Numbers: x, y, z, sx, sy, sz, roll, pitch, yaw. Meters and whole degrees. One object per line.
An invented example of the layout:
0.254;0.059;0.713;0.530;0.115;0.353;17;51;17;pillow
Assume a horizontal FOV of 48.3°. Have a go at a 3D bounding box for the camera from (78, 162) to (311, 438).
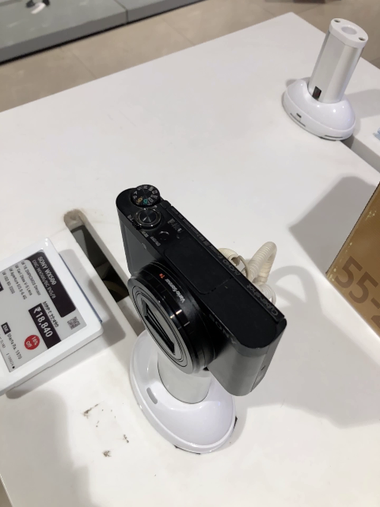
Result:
-0.004;0.021;0.195;0.030;0.070;0.110;-32;63;-22;camera

Exercise ▸ Instructions for the listing above: set down every entry exactly and drop any image.

Task answer ▸
Numbers: x, y, z, sx, sy, sz, roll, pitch, yaw. Meters and whole degrees. One object per line.
An invented example of the layout:
0.254;0.059;0.713;0.530;0.115;0.353;17;51;17;pillow
Assume a horizontal FOV of 48.3°. Have a go at a 3D bounding box for the camera from (78, 162) to (311, 438).
Result:
-0.004;0.021;0.195;0.030;0.070;0.110;-32;63;-22;camera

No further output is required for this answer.